- _YOUR ASSIGNMENT_: When a line in the entries contains the word "Integer", copy that line in full.

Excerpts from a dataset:
◇ ◇ ◇ ◇

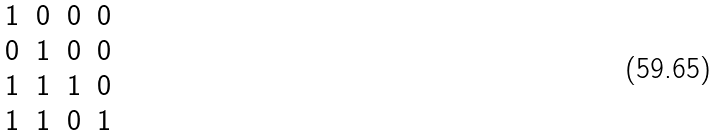Convert formula to latex. <formula><loc_0><loc_0><loc_500><loc_500>\begin{matrix} 1 & 0 & 0 & 0 \\ 0 & 1 & 0 & 0 \\ 1 & 1 & 1 & 0 \\ 1 & 1 & 0 & 1 \\ \end{matrix}</formula> 
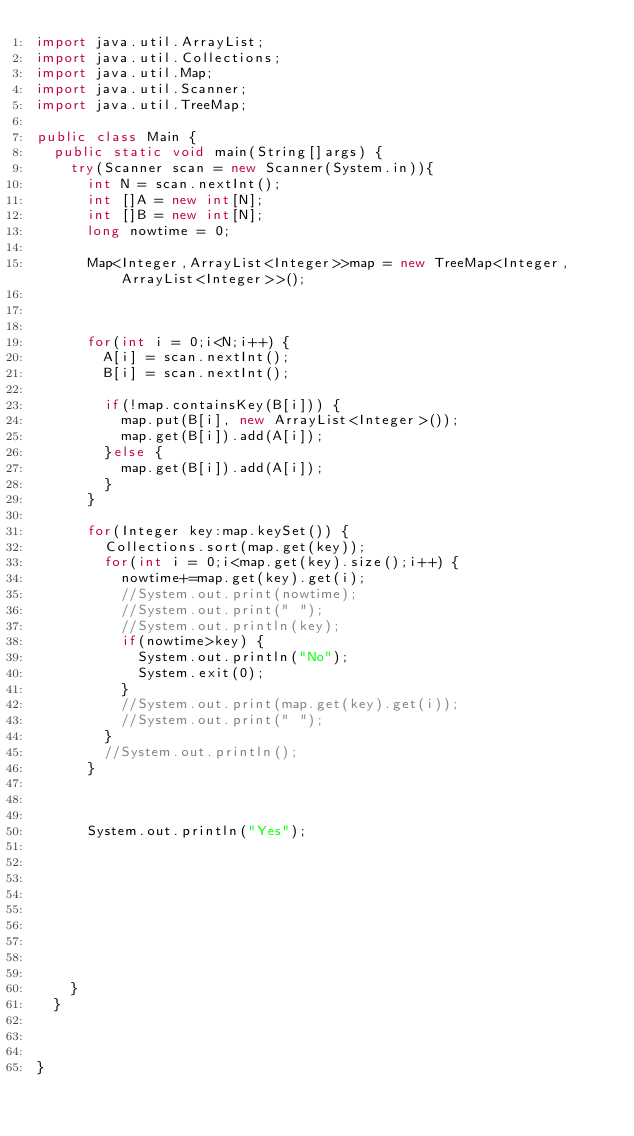Convert code to text. <code><loc_0><loc_0><loc_500><loc_500><_Java_>import java.util.ArrayList;
import java.util.Collections;
import java.util.Map;
import java.util.Scanner;
import java.util.TreeMap;

public class Main {
	public static void main(String[]args) {
		try(Scanner scan = new Scanner(System.in)){
			int N = scan.nextInt();
			int []A = new int[N];
			int []B = new int[N];
			long nowtime = 0;
			
			Map<Integer,ArrayList<Integer>>map = new TreeMap<Integer,ArrayList<Integer>>();
			
			
			
			for(int i = 0;i<N;i++) {
				A[i] = scan.nextInt();
				B[i] = scan.nextInt();
				
				if(!map.containsKey(B[i])) {
					map.put(B[i], new ArrayList<Integer>());
					map.get(B[i]).add(A[i]);
				}else {
					map.get(B[i]).add(A[i]);
				}
			}
			
			for(Integer key:map.keySet()) {
				Collections.sort(map.get(key));
				for(int i = 0;i<map.get(key).size();i++) {
					nowtime+=map.get(key).get(i);
					//System.out.print(nowtime);
					//System.out.print(" ");
					//System.out.println(key);
					if(nowtime>key) {
						System.out.println("No");
						System.exit(0);
					}
					//System.out.print(map.get(key).get(i));
					//System.out.print(" ");
				}
				//System.out.println();
			}
			
			
			
			System.out.println("Yes");
			
			
			
			
			
			
			
			
			
		}
	}
	
	 
	
}
</code> 
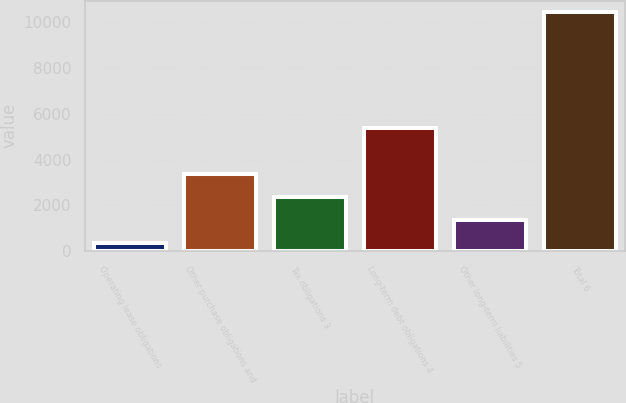Convert chart to OTSL. <chart><loc_0><loc_0><loc_500><loc_500><bar_chart><fcel>Operating lease obligations<fcel>Other purchase obligations and<fcel>Tax obligations 3<fcel>Long-term debt obligations 4<fcel>Other long-term liabilities 5<fcel>Total 6<nl><fcel>348<fcel>3373.2<fcel>2364.8<fcel>5377<fcel>1356.4<fcel>10432<nl></chart>

◇ ◇ ◇ ◇

- _THE ANSWER_:
			Map<Integer,ArrayList<Integer>>map = new TreeMap<Integer,ArrayList<Integer>>();
					map.put(B[i], new ArrayList<Integer>());
			for(Integer key:map.keySet()) {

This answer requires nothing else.